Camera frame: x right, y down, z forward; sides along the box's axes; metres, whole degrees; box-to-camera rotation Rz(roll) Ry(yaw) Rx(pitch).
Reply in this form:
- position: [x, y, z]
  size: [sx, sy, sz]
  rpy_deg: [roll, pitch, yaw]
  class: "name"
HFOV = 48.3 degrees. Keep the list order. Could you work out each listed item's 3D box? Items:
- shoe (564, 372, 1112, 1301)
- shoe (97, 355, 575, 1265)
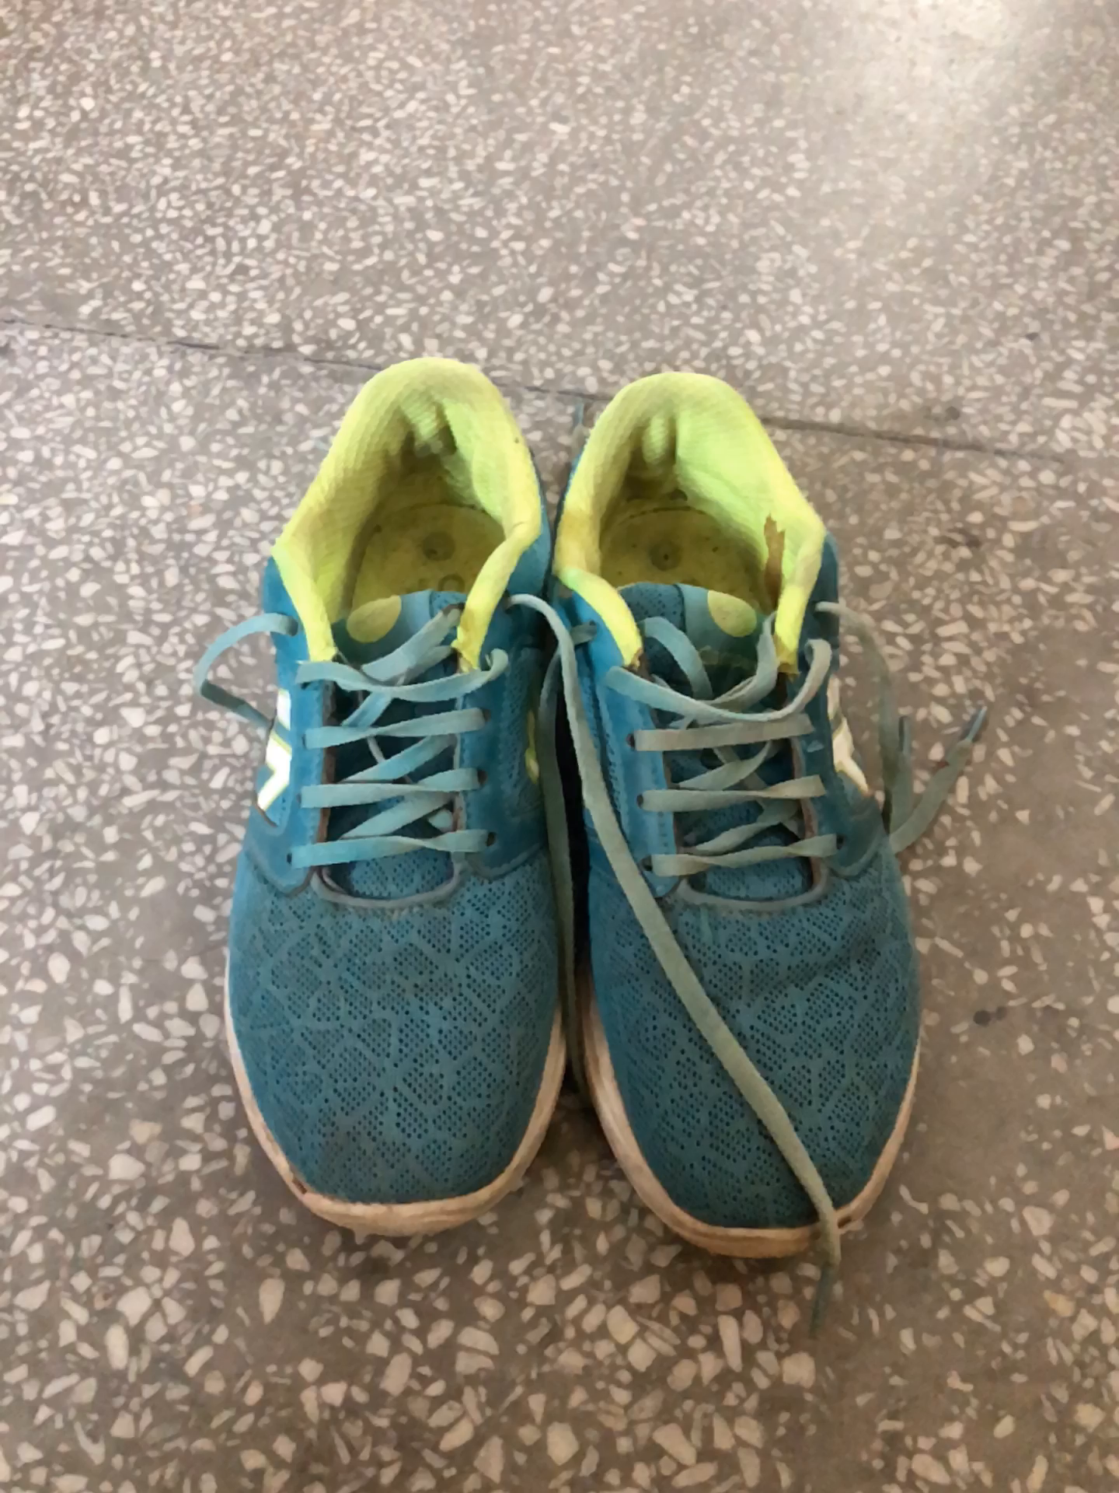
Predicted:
- position: [0.052, 0.014, 0.331]
  size: [0.094, 0.088, 0.229]
  rpy_deg: [-1, 57, -1]
  class: "shoe"
- position: [-0.042, 0.009, 0.338]
  size: [0.091, 0.091, 0.231]
  rpy_deg: [0, 57, 0]
  class: "shoe"
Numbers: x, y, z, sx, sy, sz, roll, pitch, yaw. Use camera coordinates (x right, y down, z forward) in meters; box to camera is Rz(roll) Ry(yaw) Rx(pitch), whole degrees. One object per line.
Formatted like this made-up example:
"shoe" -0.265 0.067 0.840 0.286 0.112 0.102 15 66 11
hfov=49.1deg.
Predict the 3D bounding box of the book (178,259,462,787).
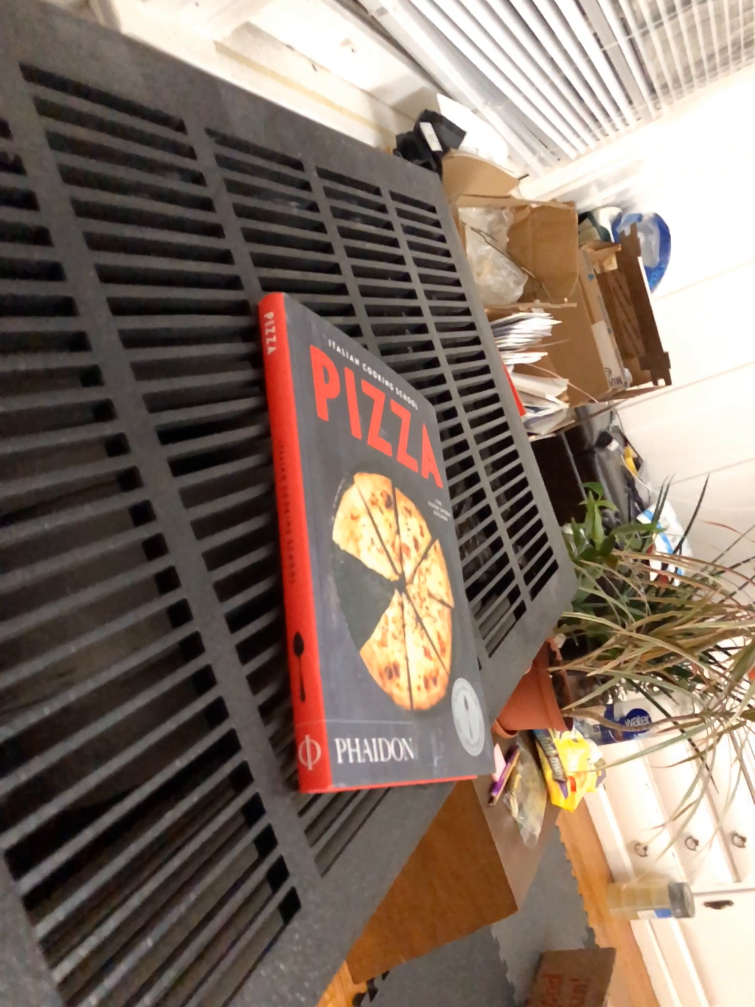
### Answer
"book" -0.024 0.017 0.420 0.181 0.020 0.230 24 52 -56
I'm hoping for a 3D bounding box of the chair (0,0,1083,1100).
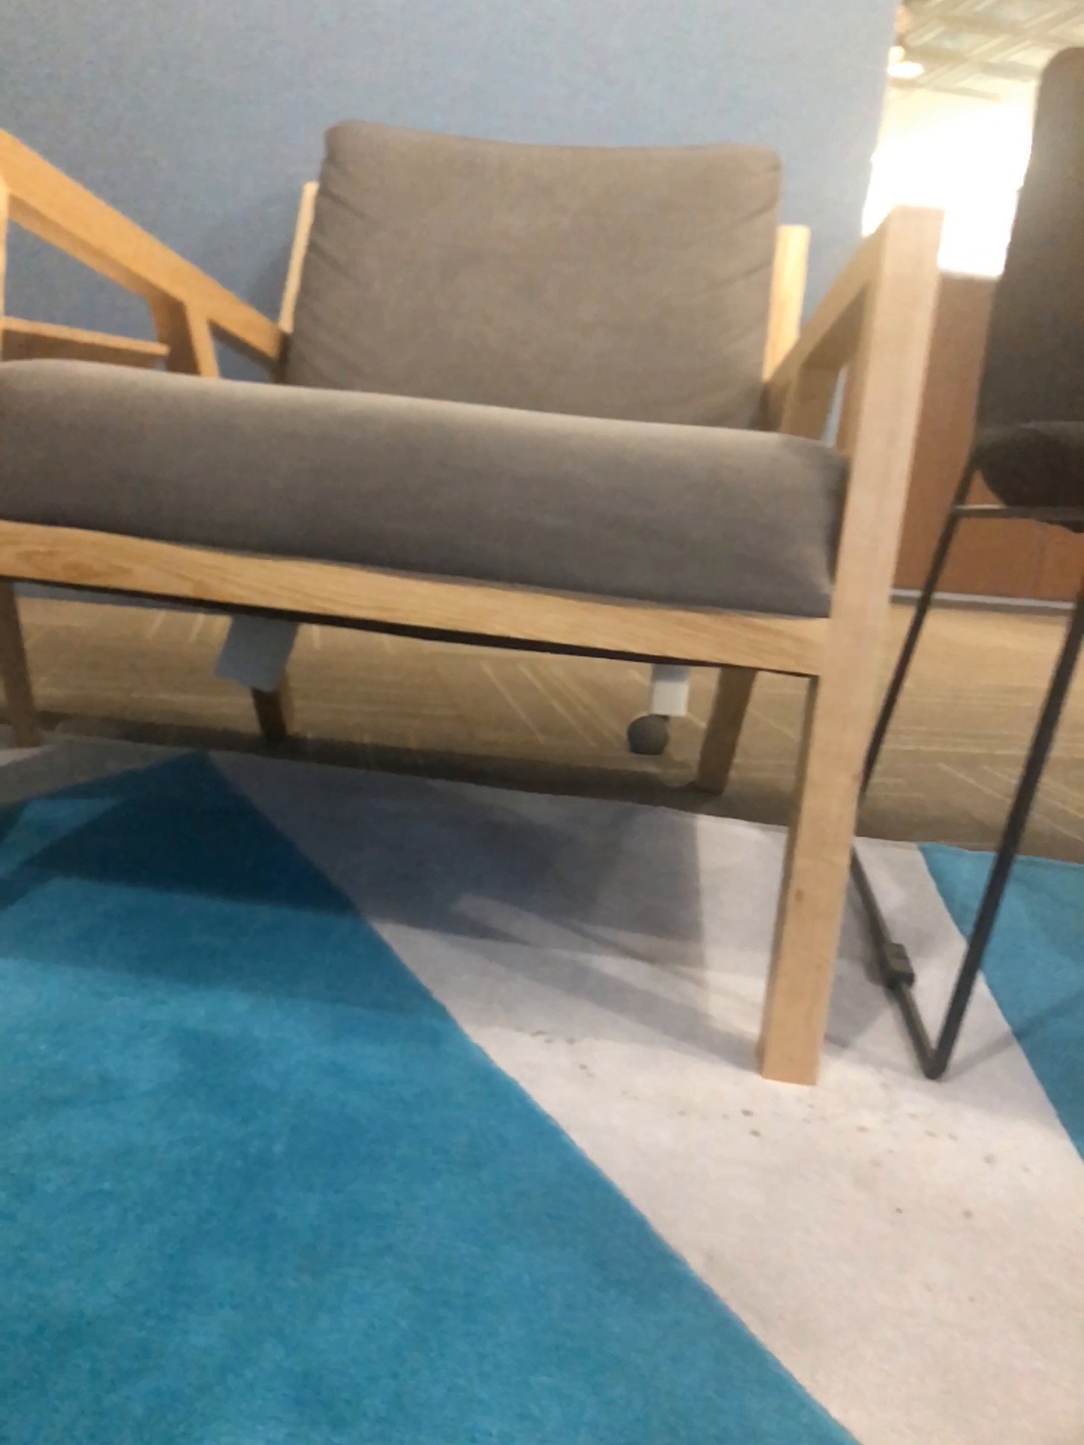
[{"bbox_3d":[-0.052,-0.260,1.111,0.710,0.747,0.844,7,13,4],"label":"chair"}]
-------
> **Instructions for the task**: All lines in the listing above from the line containing "Numbers: x, y, z, sx, sy, sz, roll, pitch, yaw." to the line containing "Predict the 3D", inclusive, should be retyped exactly; no other lines should appear.

> **Answer space**:
Numbers: x, y, z, sx, sy, sz, roll, pitch, yaw. Use camera coordinates (x right, y down, z forward) in meters; box to camera is Rz(roll) Ry(yaw) Rx(pitch), whole degrees. One object per line.
Formatted like this made-up example:
"shoe" -0.265 0.067 0.840 0.286 0.112 0.102 15 66 11
hfov=49.1deg.
Predict the 3D bounding box of the book (178,259,462,787).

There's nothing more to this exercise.